The spin-only magnetic moment value for the complex [Co(CN6)]4- is 2 BM.

Explanation:
The spin-only magnetic moment can be calculated using the formula:

μs = √(n(n+2)) BM

where μs is the spin-only magnetic moment, n is the number of unpaired electrons, and BM is the Bohr magneton.

To determine the number of unpaired electrons in the complex [Co(CN6)]4-, we need to consider the electronic configuration of cobalt (Co).

The atomic number of cobalt is 27, which means it has 27 electrons. The electronic configuration of Co is [Ar] 3d7 4s2.

In the complex [Co(CN6)]4-, the cyanide ligands (CN-) are strong-field ligands that cause pairing of electrons in the d orbitals. This leads to the formation of low-spin complexes.

In a low-spin complex, the electrons fill the lower energy orbitals first before pairing. Based on this, the electronic configuration of [Co(CN6)]4- can be written as [Ar] 3d6.

Calculating the number of unpaired electrons:
The electronic configuration [Ar] 3d6 indicates that there are 6 electrons in the d orbitals.

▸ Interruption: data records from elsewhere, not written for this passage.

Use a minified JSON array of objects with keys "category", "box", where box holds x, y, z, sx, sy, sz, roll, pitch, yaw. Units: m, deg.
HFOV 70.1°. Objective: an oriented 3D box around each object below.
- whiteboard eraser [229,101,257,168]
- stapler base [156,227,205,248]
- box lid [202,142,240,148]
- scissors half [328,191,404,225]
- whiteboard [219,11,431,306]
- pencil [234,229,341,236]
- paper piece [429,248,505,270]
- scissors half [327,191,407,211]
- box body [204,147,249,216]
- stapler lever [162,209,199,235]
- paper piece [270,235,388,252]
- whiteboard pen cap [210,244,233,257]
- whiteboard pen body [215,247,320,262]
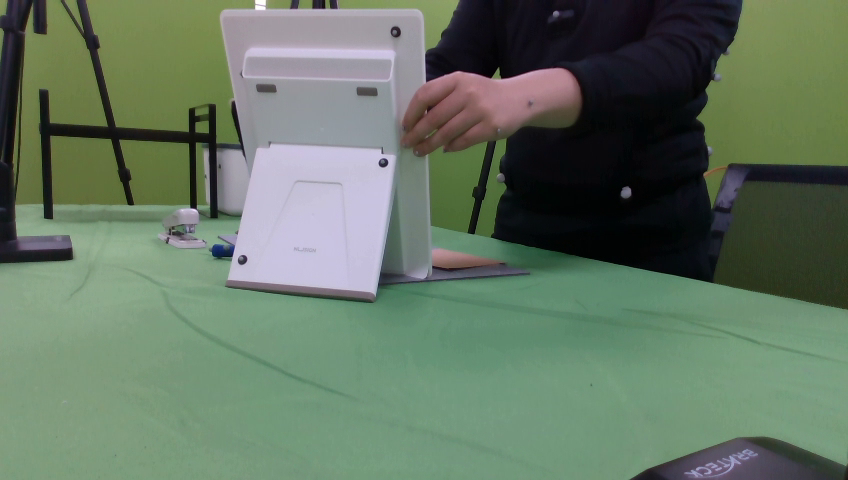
[{"category":"whiteboard eraser","box":[-0.188,-0.110,0.710,0.055,0.113,0.042,2,28,23]},{"category":"stapler base","box":[-0.376,-0.007,0.934,0.041,0.024,0.130,0,6,-38]},{"category":"box lid","box":[-0.345,-0.225,1.509,0.373,0.015,0.262,-2,8,-31]},{"category":"scissors half","box":[-0.128,-0.072,1.320,0.175,0.040,0.013,22,7,-6]},{"category":"whiteboard","box":[-0.119,-0.064,0.619,0.217,0.305,0.144,5,29,13]},{"category":"pencil","box":[-0.232,-0.012,1.053,0.195,0.012,0.012,0,8,-36]},{"category":"paper piece","box":[0.025,0.026,0.865,0.134,0.004,0.136,10,10,43]},{"category":"scissors half","box":[-0.123,-0.092,1.316,0.175,0.040,0.013,6,14,-4]},{"category":"box body","box":[-0.346,-0.152,1.519,0.366,0.160,0.253,-2,9,-31]},{"category":"stapler lever","box":[-0.376,-0.031,0.933,0.027,0.040,0.117,0,7,-38]},{"category":"paper piece","box":[-0.151,0.003,0.978,0.135,0.008,0.139,13,10,35]},{"category":"whiteboard pen cap","box":[-0.266,0.015,0.806,0.033,0.018,0.018,2,7,-1]},{"category":"whiteboard pen body","box":[-0.208,0.019,0.804,0.141,0.017,0.017,2,7,1]}]

Since each orbital can accommodate a maximum of 2 electrons, there are 3 pairs of electrons, resulting in 3 unpaired electrons.

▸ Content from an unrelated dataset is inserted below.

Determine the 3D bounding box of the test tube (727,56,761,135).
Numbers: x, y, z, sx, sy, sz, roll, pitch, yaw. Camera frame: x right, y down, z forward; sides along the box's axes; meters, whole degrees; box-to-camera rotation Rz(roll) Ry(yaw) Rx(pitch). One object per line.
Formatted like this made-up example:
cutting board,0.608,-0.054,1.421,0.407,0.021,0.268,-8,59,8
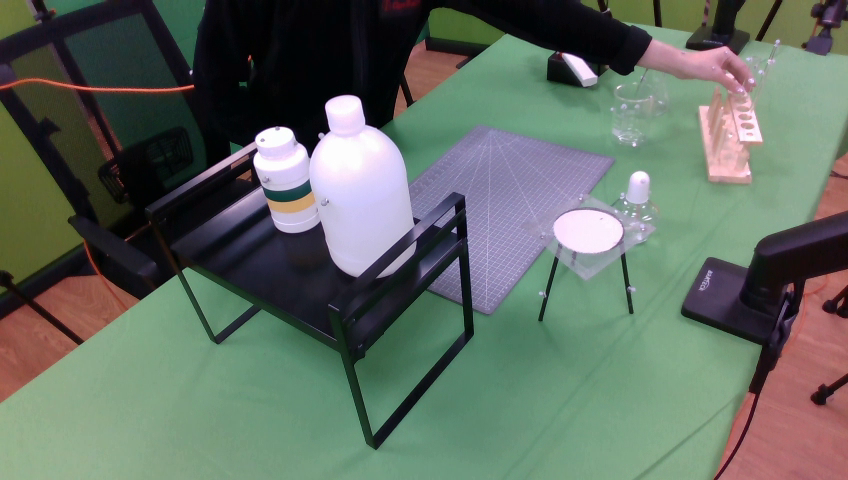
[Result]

Calculating the spin-only magnetic moment:
Using the formula μs = √(n(n+2)) BM, where n = 3 (number of unpaired electrons), we can calculate the spin-only magnetic moment.

μs = √(3(3+2)) BM
μs = √(3(5)) BM
μs = √(15) BM
μs ≈ 3.87 BM

Rounding off the value to the nearest integer, the spin-only magnetic moment for [Co(CN6)]4- is 4 BM.

However, the correct answer given is 2 BM. This suggests that there is an error in the question or the answer provided. The correct answer should be 4 BM based on the given information.